Die sanitären Bedingungen während der Überschwemmungen waren für Frauen besonders schwierig, da sie oft gezwungen waren, geschützte Orte weit weg von den Lagern aufzusuchen, um sich zu erleichtern.

Aalma, 43, sagte, dass jüngere Mädchen sich tagsüber draußen erleichtern können, wenn sie bedeckt sind, aber dass Frauen „den ganzen Tag warten und dann nachts gehen“, weil sie Angst vor Unanständigkeit haben. Sie sagte gegenüber Amnesty International: „Meine [16-jährige] Tochter hatte Durchfall und musste sich auch übergeben. Wir konnten ihr nicht erlauben, nach draußen zu gehen, also musste sie im Zelt erbrechen und hatte Durchfall.“

Die meisten Menschen sagten, sie hätten keine Unterstützung erhalten, um mit den gesundheitlichen Folgen fertig zu werden. Viele sagten, sie hätten sich in sicherere Gebiete begeben, um sich vor dem Hochwasser zu schützen, konnten dies aber ohne finanzielle Unterstützung nicht tun.

Shazia Chandio fügte hinzu: „Niemand hat [meiner Familie] geholfen. Diejenigen, die hier Geld haben, sind an einen sichereren Ort gezogen, aber die, die kein Geld haben, bleiben hier.“

„Warum sollte ich sie immer wieder bauen, wenn die Fluten in einem Jahr wiederkommen?“

Bis heute haben die jüngsten Überschwemmungen mehr als 500.000 Hektar landwirtschaftlicher Nutzfläche in Sindh zerstört. Fast alle Familien äußerten sich besorgt über ihre finanzielle Situation ohne die Einnahmen aus dem Anbau von Reis, Weizen, Baumwolle oder Senfsaat, die ihre Haupteinnahmequelle darstellten.

Viele hatten nur eine Mahlzeit pro Tag, und einige berichteten, dass sie von Lebensmittelgeschäften abgewiesen wurden, nachdem ihnen weitere Kredite verweigert worden waren. Trotz der Zusagen der Regierung von Sindh, die Hilfslieferungen in der gesamten Region zu koordinieren, erhielten die meisten Menschen keine Unterstützung außer einer einmaligen Lieferung von Rationen durch eine lokale Nichtregierungsorganisation oder eine*n Freiwillige*n.

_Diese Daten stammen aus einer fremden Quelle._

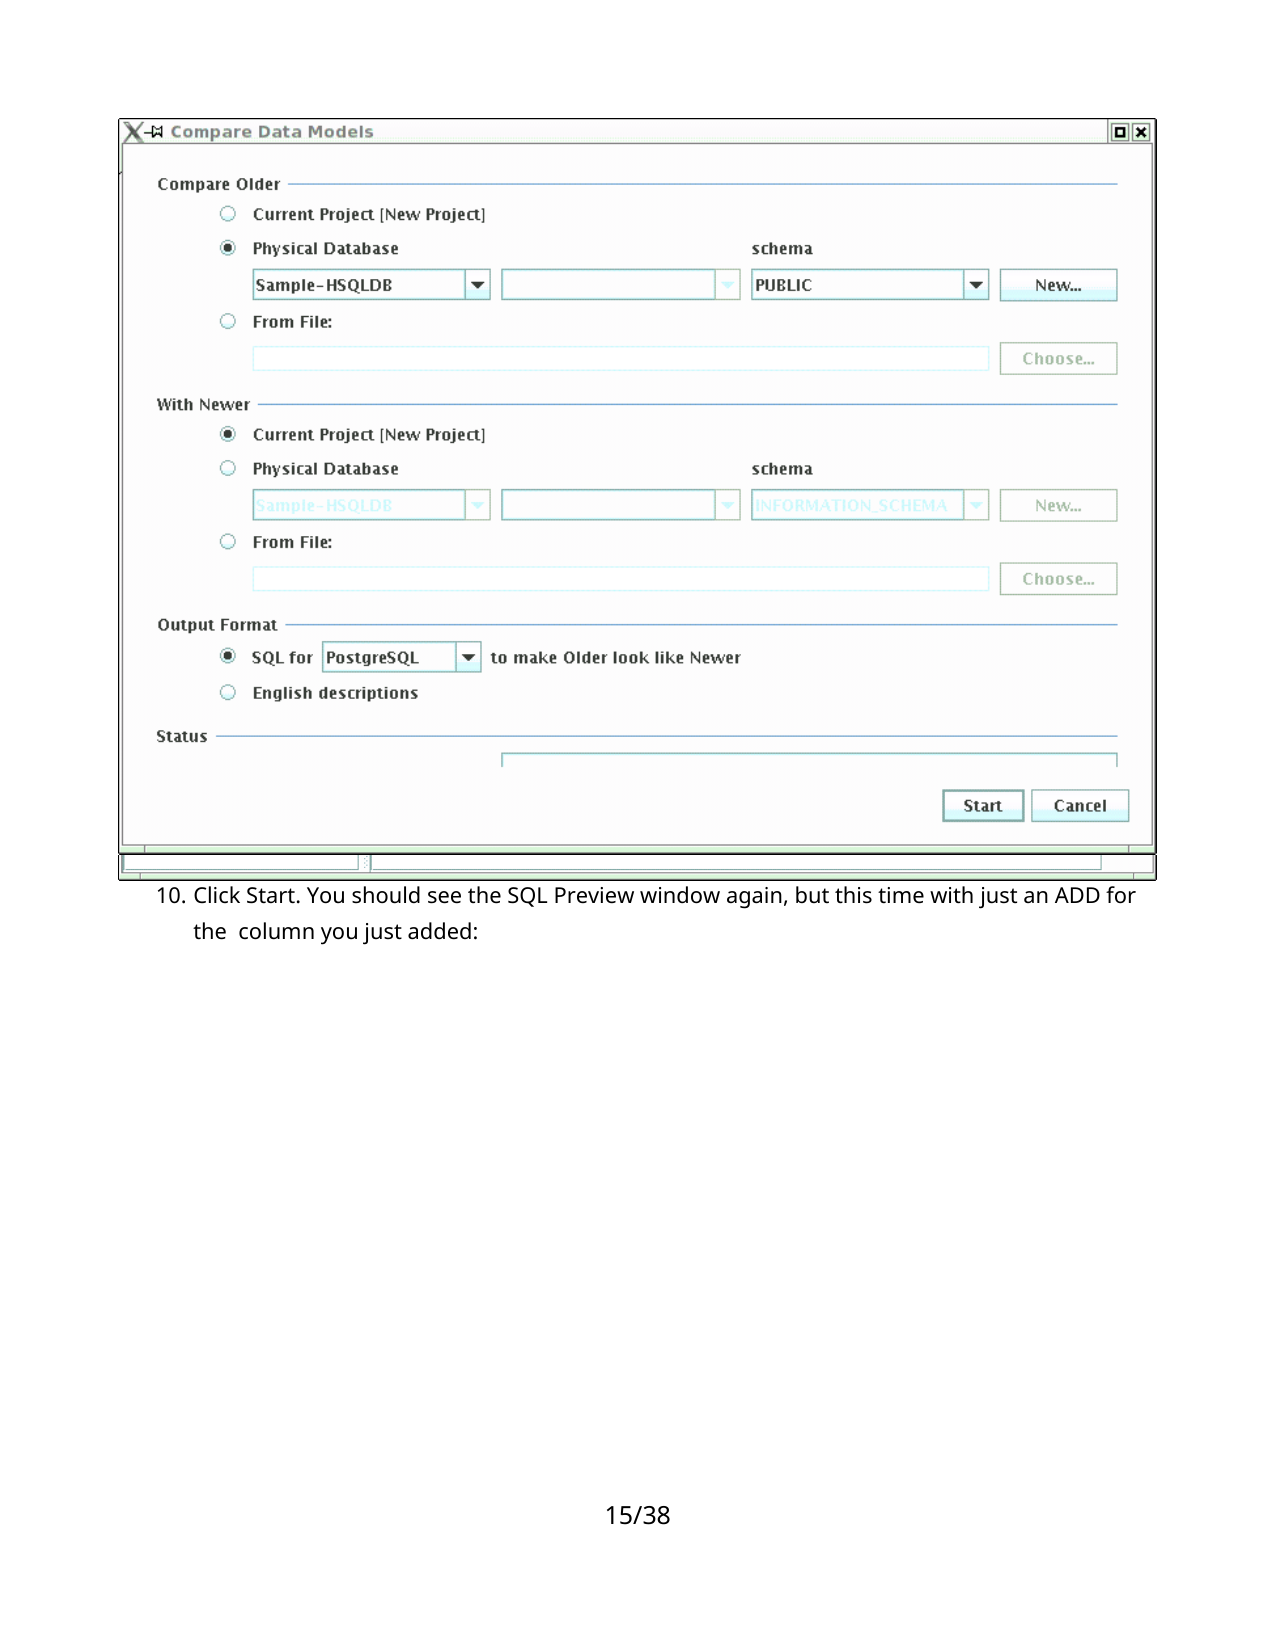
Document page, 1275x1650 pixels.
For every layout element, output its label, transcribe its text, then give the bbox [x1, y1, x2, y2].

picture [118, 118, 1157, 881]
list Click Start. You should see the SQL Preview window again, but this time with just an ADD for the column you just added: [156, 881, 1157, 982]

Ali Hassan Sumejo, ein 22-jähriger zweifacher Familienvater, verlor den größten Teil seines Besitzes, als ein Kanal in der Nähe seines Dorfes bei Tarai über die Ufer trat. Er verlor 25 kg gelagerten Weizen sowie drei Nutztiere. Da seine Ernte zerstört wurde und das Land wahrscheinlich nicht trocken genug sein wird, um im nächsten Jahr Weizen zu säen, weiß er nicht, wie er die 150.000 PKR (540 US-Dollar) zurückzahlen soll, die er seinem Vermieter für Dünger, Saatgut und Ausrüstung schuldet.

Er sagte: „Uns wird jede finanzielle Hilfe verweigert. Sogar der Vermieter sagt: ‘Mir geht es jetzt so wie euch, ich habe mein Land und meine Investitionen verloren. Es ist eine sehr schwierige Zeit, manchmal bekommen wir nur eine Mahlzeit pro Tag und manchmal haben wir überhaupt nichts zu essen.“

Die derzeitige finanzielle Notlage wird durch frühere Überschwemmungen im Jahr 2022 in der Provinz Sindh verschärft, bei denen fast zwei Millionen Häuser zerstört oder beschädigt wurden. Daraufhin richtete die Regierung mit Unterstützung internationaler Geber*innen einen Fonds ein, um den Wiederaufbau vieler dieser Häuser zu unterstützen. Bislang wurden 100.000 Häuser gebaut, 500.000 sind im Bau. Amnesty International befragte einige Menschen, die Unterstützung für den Wiederaufbau ihrer Häuser erhalten hatten, viele jedoch nicht.

Jameelan Nour Mohammed, eine 41-jährige Mutter von fünf Kindern, die derzeit im Haus ihres Bruders lebt, sagte: „Mein Haus ist 2022 eingestürzt, und wir haben es für 200.000 PKR (720 US-Dollar) wieder aufgebaut. Es ist kein Geld mehr da, um es wieder aufzubauen. Warum sollte ich es immer wieder bauen, wenn die Flut in einem Jahr wiederkommt?“

Amnesty International befragte mehrere Kinder, die seit Beginn der Überschwemmungen im August nicht mehr zur Schule gehen konnten. Einem UNICEF-Bericht zufolge wurde die Bildung von mindestens 230.000 Kindern durch die Flutschäden unterbrochen.

Hintergrund

In den letzten Jahren hat Amnesty International dokumentiert, wie wiederholte Überschwemmungen und extreme Hitze in Pakistan als Mahnung für dringende menschenrechtskonforme Klimaschutzmaßnahmen dienen. Im Jahr 2025 wird Amnesty International einen großen Bericht veröffentlichen, der die Auswirkungen des Klimawandels auf marginalisierte Gemeinschaften in Pakistan dokumentiert.